William Henry Boyle (1836–1919) was an American Colonel of the American Civil War, the Indian Wars and the Spanish–American War. He participated in several battles in both wars, notably commanding the 9th Infantry Regiment during the Battle of San Juan Hill.

==American Civil War==
William was born on November 13, 1836, at New Utrecht, Brooklyn as the son of Nathaniel Boyle and Margaret L. Stillwell Boyle.
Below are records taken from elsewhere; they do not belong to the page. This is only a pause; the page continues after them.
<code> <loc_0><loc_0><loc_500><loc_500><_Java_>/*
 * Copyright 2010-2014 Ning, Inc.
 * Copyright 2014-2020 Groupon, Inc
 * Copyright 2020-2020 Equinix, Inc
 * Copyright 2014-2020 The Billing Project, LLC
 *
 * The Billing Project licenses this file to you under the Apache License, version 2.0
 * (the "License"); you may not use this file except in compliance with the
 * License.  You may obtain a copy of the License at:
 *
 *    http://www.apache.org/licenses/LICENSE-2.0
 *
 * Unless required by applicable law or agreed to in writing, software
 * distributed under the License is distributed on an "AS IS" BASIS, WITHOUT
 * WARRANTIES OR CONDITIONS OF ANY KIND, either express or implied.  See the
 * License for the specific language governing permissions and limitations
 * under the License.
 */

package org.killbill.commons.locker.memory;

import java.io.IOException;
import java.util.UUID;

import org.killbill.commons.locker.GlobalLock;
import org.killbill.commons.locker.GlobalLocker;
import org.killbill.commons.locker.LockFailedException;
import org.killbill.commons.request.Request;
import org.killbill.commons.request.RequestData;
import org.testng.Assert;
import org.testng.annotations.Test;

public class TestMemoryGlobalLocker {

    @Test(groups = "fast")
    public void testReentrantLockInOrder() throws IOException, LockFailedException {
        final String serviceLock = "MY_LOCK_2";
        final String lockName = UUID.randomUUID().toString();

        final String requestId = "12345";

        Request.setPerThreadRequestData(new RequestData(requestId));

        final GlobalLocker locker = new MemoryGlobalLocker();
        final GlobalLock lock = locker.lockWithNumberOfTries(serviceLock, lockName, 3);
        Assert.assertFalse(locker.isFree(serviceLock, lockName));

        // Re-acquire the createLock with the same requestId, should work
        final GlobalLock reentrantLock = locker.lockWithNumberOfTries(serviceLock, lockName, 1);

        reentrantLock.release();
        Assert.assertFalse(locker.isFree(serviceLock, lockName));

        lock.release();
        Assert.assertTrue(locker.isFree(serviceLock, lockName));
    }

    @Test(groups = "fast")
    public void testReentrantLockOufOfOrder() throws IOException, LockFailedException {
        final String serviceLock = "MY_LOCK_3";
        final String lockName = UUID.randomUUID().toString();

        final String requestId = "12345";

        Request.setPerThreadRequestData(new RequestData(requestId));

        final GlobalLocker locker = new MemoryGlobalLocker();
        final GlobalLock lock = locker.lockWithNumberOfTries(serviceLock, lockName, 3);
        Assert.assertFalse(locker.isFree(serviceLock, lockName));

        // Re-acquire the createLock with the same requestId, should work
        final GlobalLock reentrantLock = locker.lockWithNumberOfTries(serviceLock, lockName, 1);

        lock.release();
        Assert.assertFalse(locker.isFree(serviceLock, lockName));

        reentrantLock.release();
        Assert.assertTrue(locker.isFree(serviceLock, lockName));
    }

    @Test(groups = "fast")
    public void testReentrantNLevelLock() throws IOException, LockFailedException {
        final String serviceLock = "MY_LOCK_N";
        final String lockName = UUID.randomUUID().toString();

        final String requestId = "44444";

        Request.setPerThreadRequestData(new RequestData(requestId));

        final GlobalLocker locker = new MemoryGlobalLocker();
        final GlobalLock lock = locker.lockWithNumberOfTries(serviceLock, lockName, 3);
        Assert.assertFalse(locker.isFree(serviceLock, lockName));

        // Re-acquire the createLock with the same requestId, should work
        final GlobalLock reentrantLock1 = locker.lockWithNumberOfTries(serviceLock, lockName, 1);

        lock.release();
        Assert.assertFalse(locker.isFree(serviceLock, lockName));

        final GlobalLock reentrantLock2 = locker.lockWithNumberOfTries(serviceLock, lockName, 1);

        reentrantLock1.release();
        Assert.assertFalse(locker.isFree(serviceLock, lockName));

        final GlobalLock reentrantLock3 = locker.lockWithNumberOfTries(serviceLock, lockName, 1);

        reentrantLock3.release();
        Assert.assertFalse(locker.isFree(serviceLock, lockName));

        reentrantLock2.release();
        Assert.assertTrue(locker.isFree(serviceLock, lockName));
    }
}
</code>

He enlisted in the 5th New York Independent Light Artillery on January 19, 1862. Promoted to 1st Lieutenant, he served under George Crook and Philip Sheridan, receiving praise from both of them during his service. Boyle was promoted to Major in 1865 and participated at the battles of Harpers Ferry, Lynchburg and Cedar Creek.

==Indian wars==
Boyle continued to serve in the United States Army, being made a Second Lieutenant and sent to the Umatilla Indian Reservation from 1869 to 1871 as an agent. Initially dispatched to deal with the Yavapai War in 1872, he returned to the Department of the Columbia to fight in the Modoc War as an Adjutant and Field Quartermaster until 1873. In 1877, Boyle was given command of Fort Lapwai and began negotiations with Chief Joseph to prevent war with the Nez Perce. Elsewhere, he participated in conflicts with the Bannocks and the Northern Paiutes until June 1884 when he was transferred to Fort Sidney and Fort Randall. In 1883, as Boyle was prepared for promotion to captain, efforts on trying to find Boyle's date of birth remained in mystery as by 1895, it ranged from 1832 to 1838.

==Later years==
Along with Ezra P. Ewers, Boyle was initially given command of the 9th Infantry Regiment during the Battle of San Juan Hill but later given command of the 6th Artillery Regiment. Despite retiring from active service as a Colonel on 1904, Boyle was made a candidate to succeed Captain Quincy O. M. Gillmore to organize the New York Militia on June 12, 1906, after Captain Merch B. Stewart was deemed to be unavailable but Boyle personally denied the request. He died on April 22, 1919, at Plainfield, New Jersey and was buried at Arlington National Cemetery along with his wife, Elizabeth Cropsey Boyle.